### Source material
════════════════════
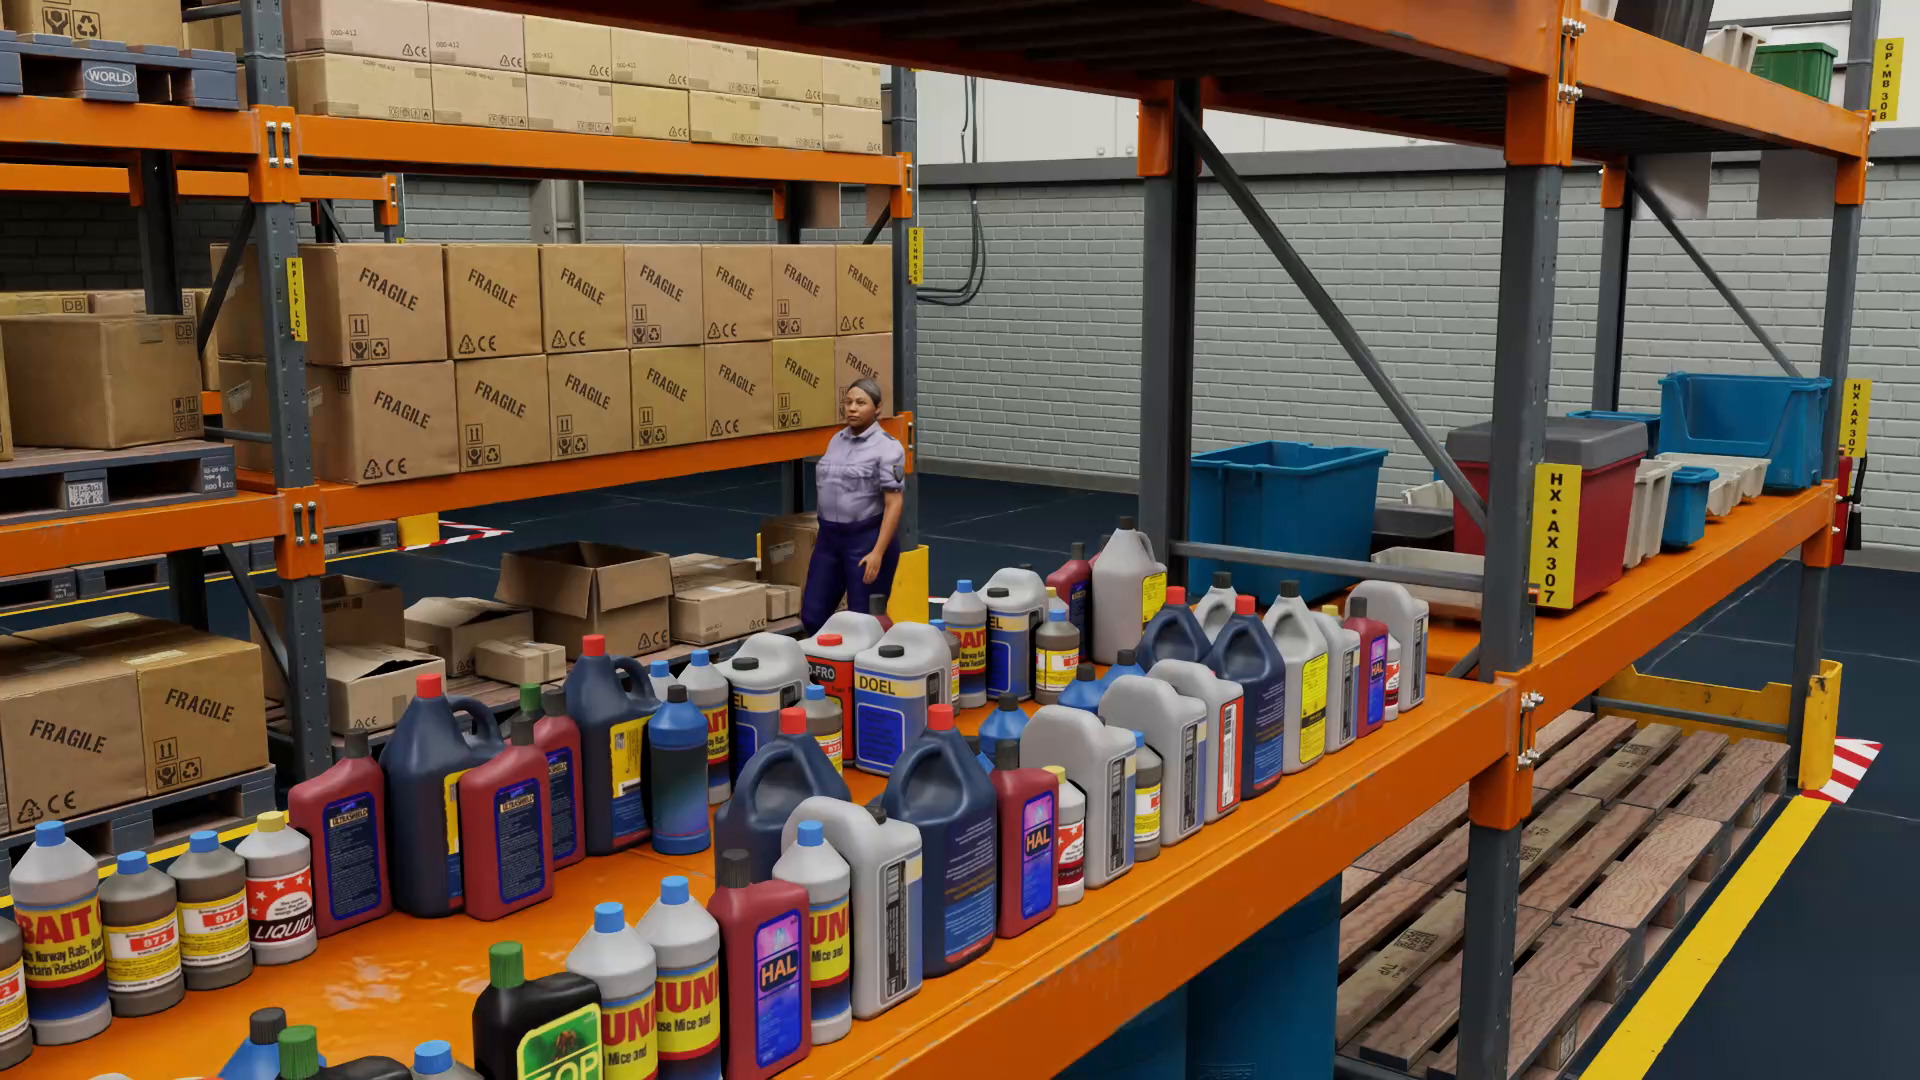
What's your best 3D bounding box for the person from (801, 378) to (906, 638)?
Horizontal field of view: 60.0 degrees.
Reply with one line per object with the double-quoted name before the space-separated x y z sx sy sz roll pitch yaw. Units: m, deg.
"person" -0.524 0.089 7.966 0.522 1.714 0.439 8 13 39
════════════════════
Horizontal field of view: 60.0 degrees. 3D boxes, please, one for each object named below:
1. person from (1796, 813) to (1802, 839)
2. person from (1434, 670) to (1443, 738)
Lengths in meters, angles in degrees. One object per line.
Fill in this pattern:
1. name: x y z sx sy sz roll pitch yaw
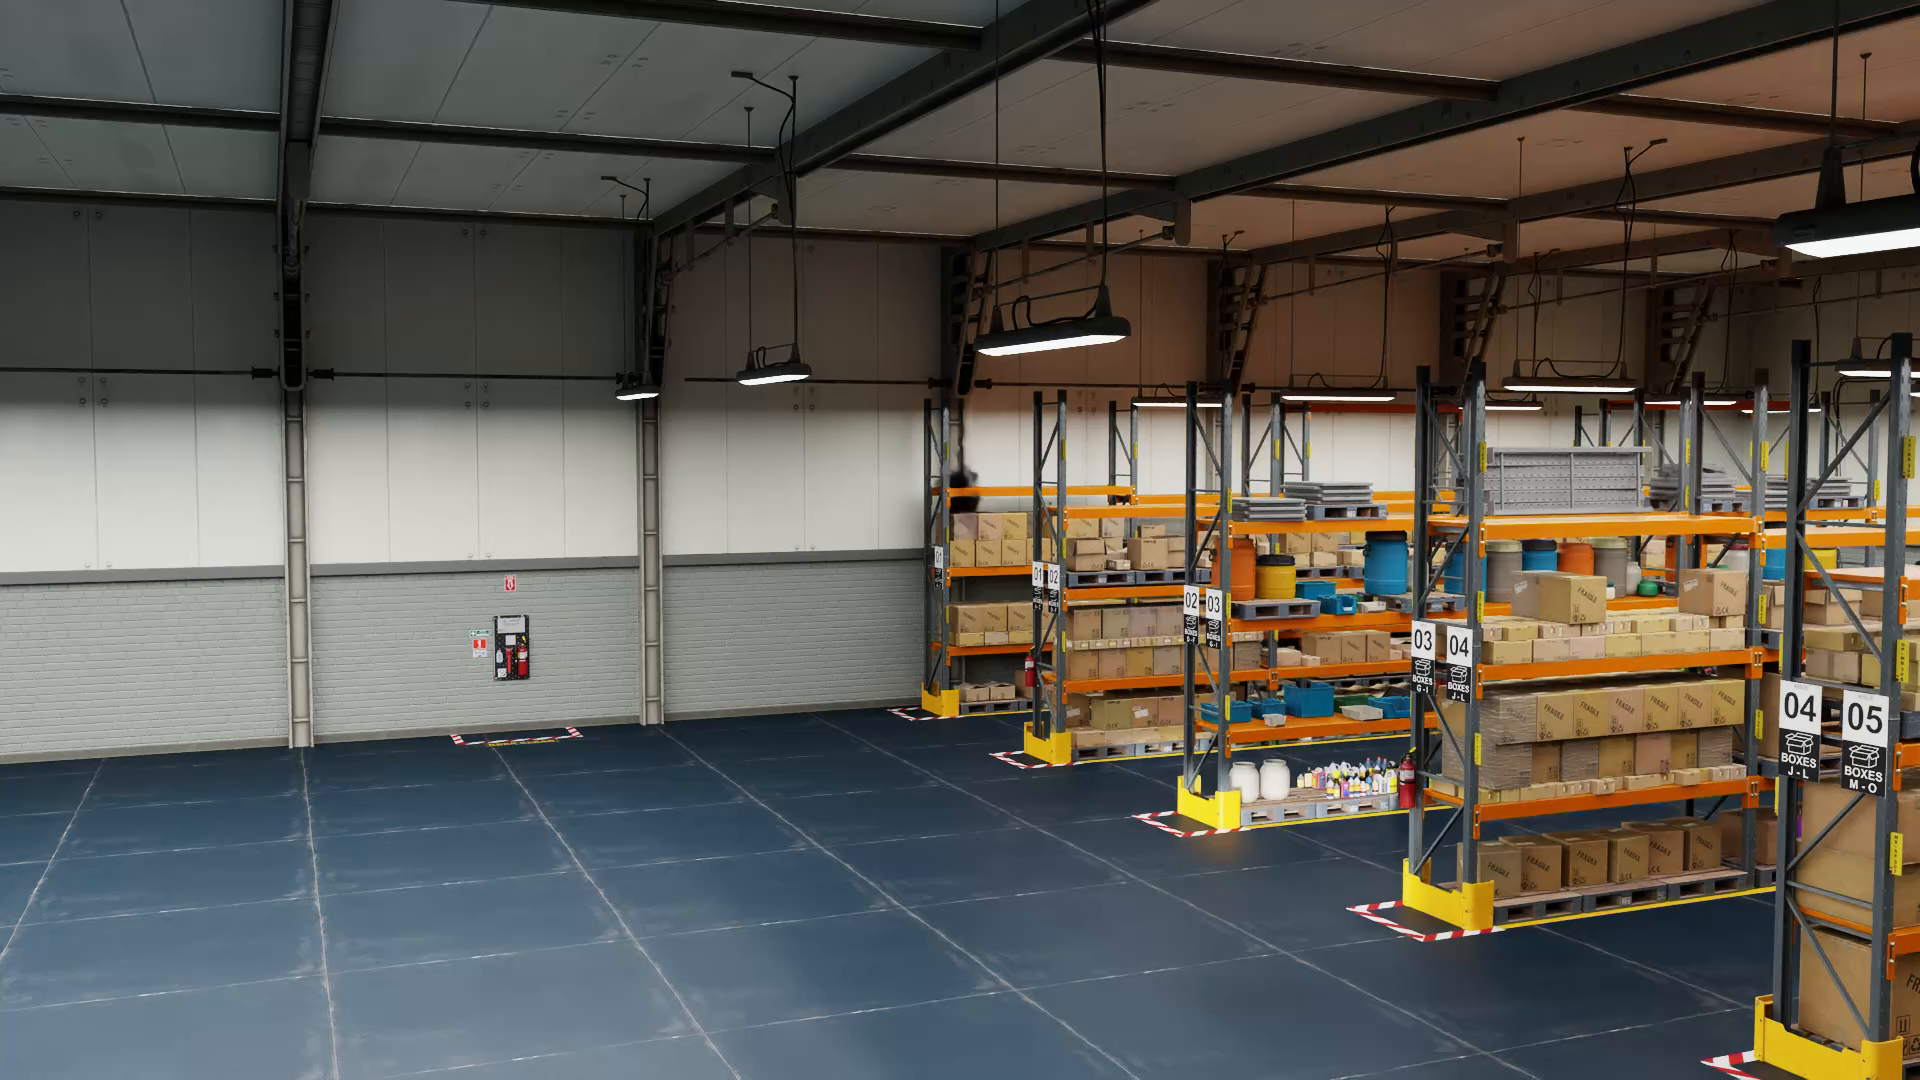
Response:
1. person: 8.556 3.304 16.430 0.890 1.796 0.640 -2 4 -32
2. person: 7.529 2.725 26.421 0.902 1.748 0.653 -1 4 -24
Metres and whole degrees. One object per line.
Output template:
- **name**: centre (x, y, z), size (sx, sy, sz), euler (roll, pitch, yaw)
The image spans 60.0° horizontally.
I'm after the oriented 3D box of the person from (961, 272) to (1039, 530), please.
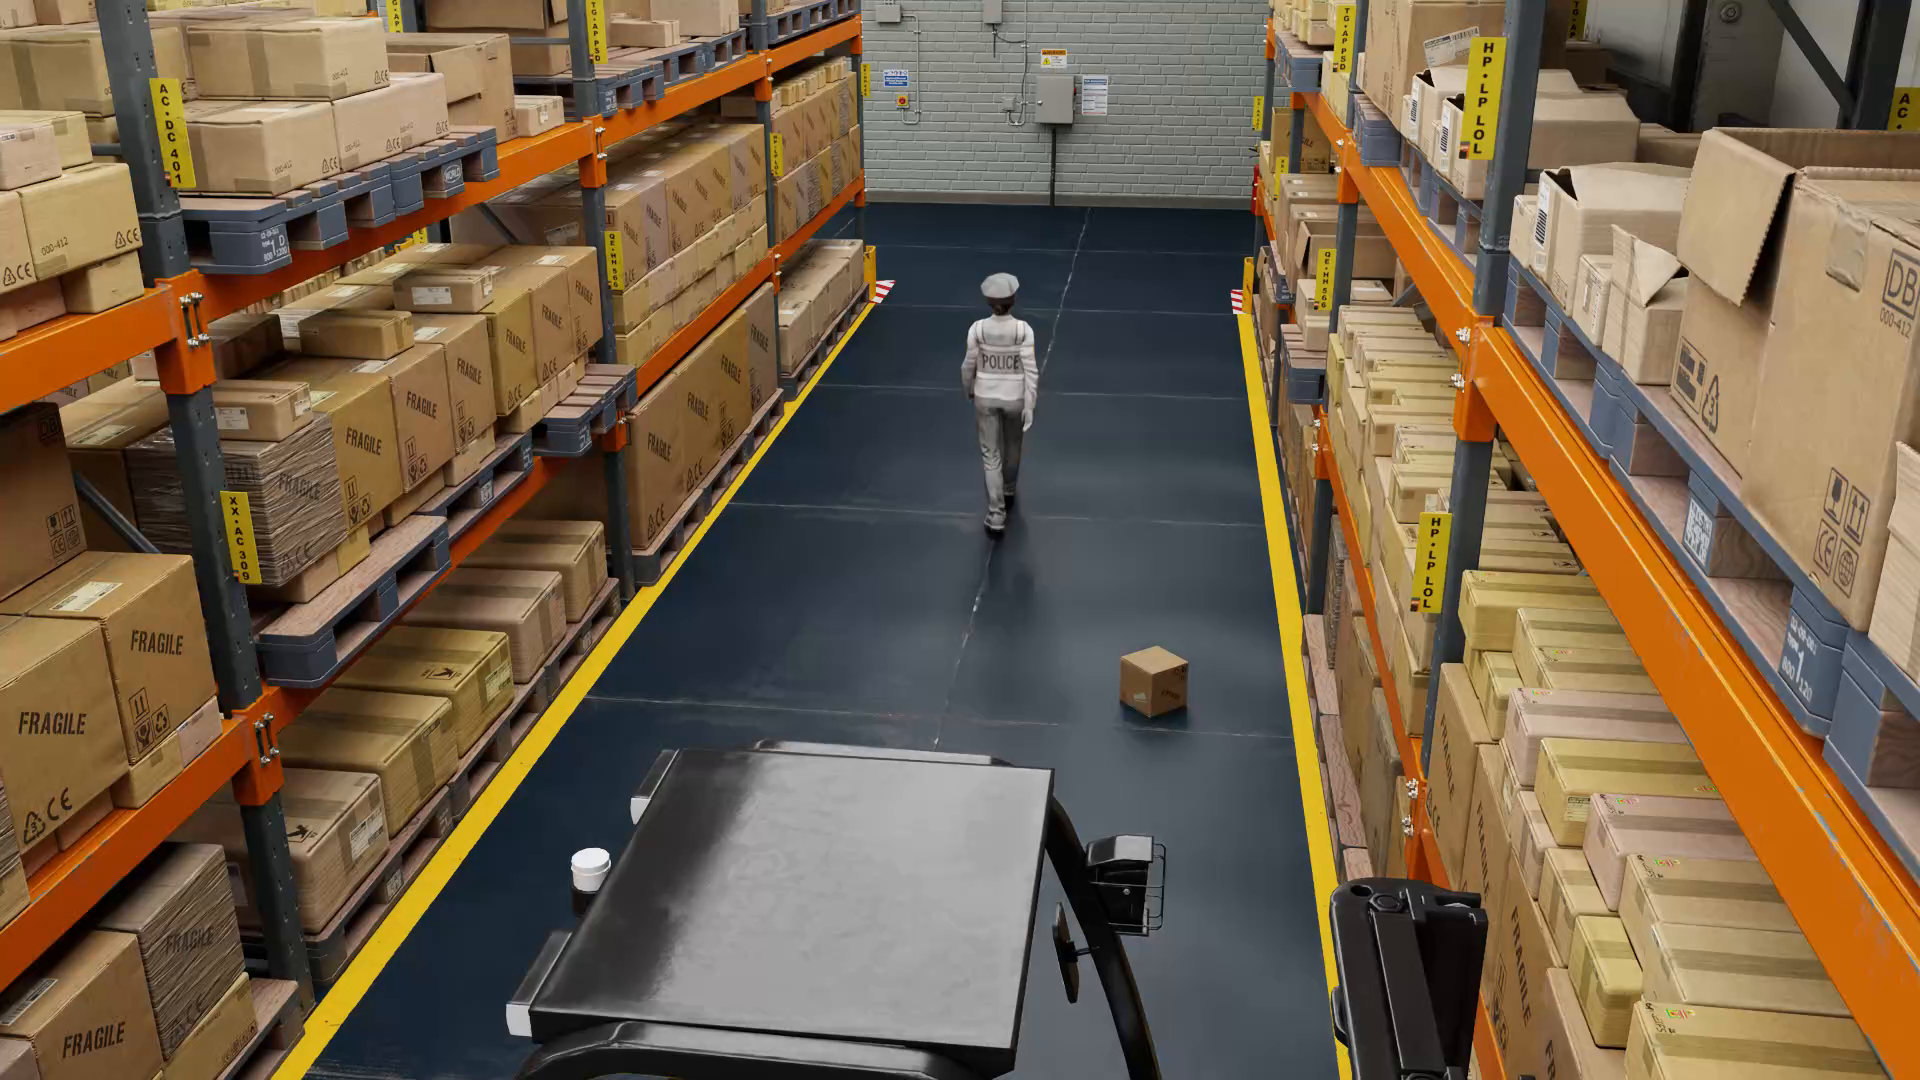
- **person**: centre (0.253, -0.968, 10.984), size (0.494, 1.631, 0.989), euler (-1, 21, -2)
════════════════════
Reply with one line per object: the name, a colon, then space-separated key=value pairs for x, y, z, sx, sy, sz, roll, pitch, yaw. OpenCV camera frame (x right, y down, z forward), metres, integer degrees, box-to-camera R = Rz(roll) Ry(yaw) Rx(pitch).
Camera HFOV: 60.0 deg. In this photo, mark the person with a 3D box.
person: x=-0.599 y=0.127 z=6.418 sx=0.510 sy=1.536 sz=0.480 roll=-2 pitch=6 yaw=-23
════════════════════
### Problem details
Return every line from the entries that holds the string "field".

### Solution
Horizontal field of view: 60.0 degrees.
Horizontal field of view: 60.0 degrees. 3D boxes, please, one for each object named below:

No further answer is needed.